Direct methanol fuel cells (DMFCs) still have low power densities ... so maybe we should look at molten carbonate fuel cells or simple heat engines ? Anyway, synmethanol looks great !
Methanol or ammonia, both are good
Haber-Bosch for fertilizer, Fischer-Tropsch for synfuel.
But, really, we need something with mild conditions and preferably something directly electrosynthesis driven. Large potential for improvement in both.

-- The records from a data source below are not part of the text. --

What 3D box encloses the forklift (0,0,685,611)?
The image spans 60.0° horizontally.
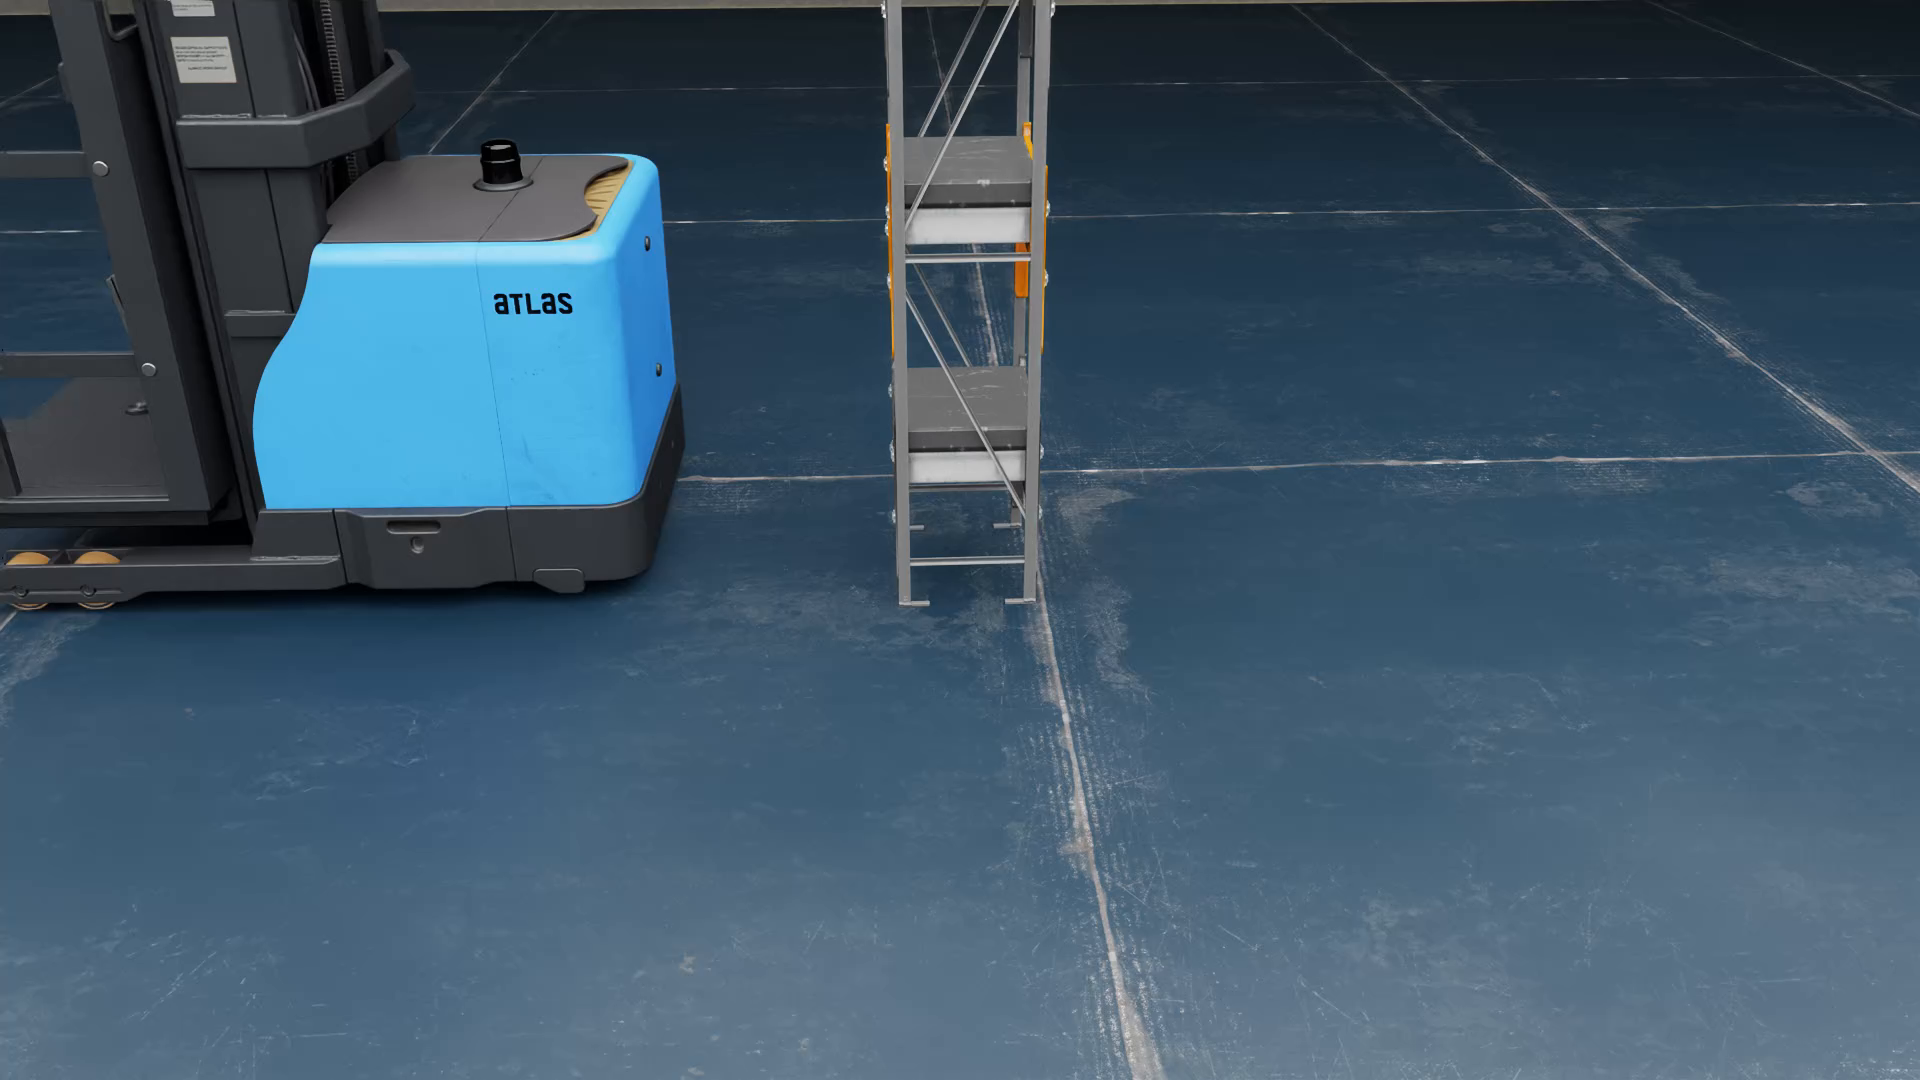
[{"bbox_3d":[-2.446,-1.342,4.654,3.031,2.935,1.130,-1,28,-1],"label":"forklift"}]

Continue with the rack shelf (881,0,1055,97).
[{"bbox_3d":[0.009,-1.463,4.300,0.431,0.518,0.480,-1,28,-3],"label":"rack shelf"}]

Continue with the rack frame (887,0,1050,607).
[{"bbox_3d":[0.021,-0.742,4.402,0.400,2.100,0.015,-1,28,-3],"label":"rack frame"}]

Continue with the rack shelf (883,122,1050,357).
[{"bbox_3d":[0.009,-0.842,4.624,0.431,0.518,0.480,-1,28,-3],"label":"rack shelf"}]

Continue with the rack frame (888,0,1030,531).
[{"bbox_3d":[-0.004,-0.967,4.834,0.400,2.100,0.015,-1,28,-3],"label":"rack frame"}]

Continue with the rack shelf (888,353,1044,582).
[{"bbox_3d":[0.009,-0.222,4.948,0.431,0.518,0.480,-1,28,-3],"label":"rack shelf"}]

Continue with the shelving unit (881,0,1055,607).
[{"bbox_3d":[0.009,-0.855,4.618,0.431,2.100,0.503,-1,28,-3],"label":"shelving unit"}]
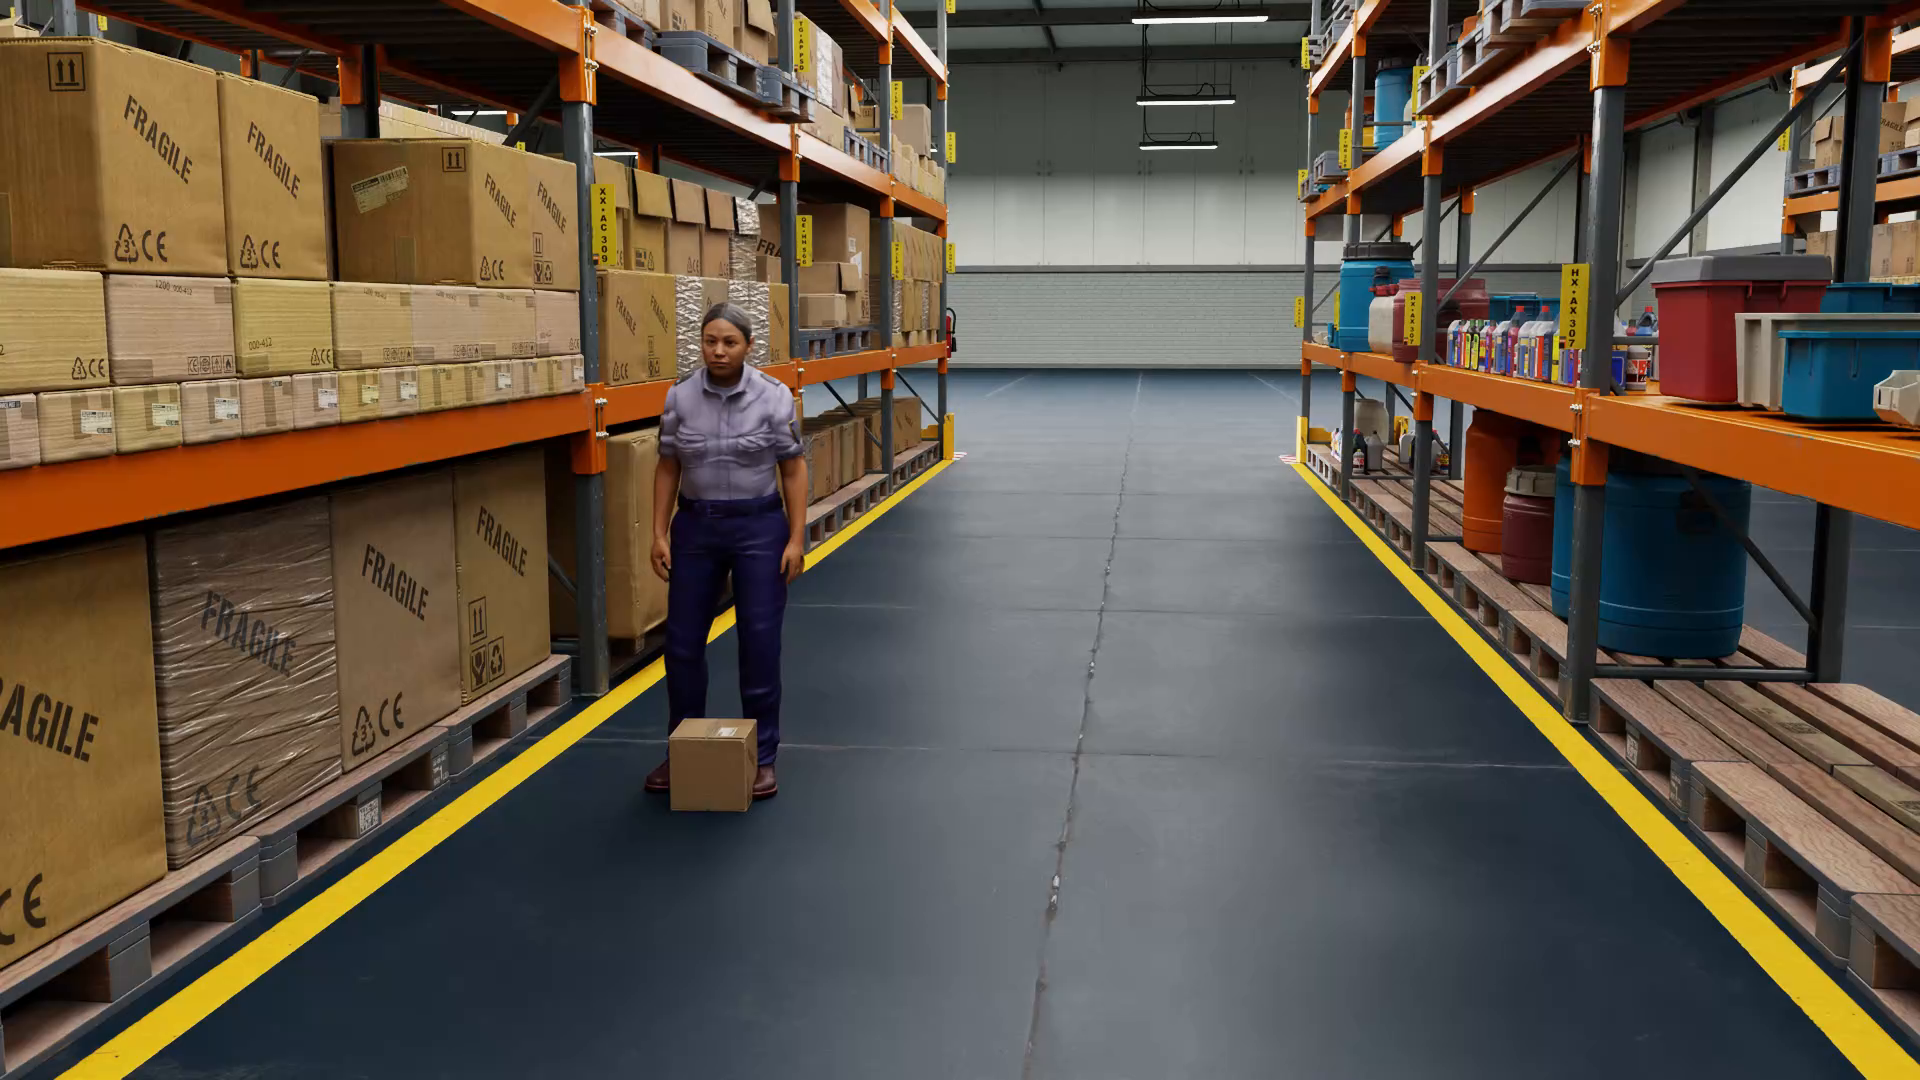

I mean ammonia is pretty decent fuel in itself, it can be decomposed to hydrogen or burned as is
The Haber-Bosch approach to breaking the nitrogen triple bond takes a lot of energy in terms of high pressure and temperature which is not present in the product, hence wasted. Ammonia is a fertilizer either as gas or as ammonium nitrate, and too precious to burn.
Another random fact: half of the combustion enthalpy present in liquid hydrogen has been spent on its liquification.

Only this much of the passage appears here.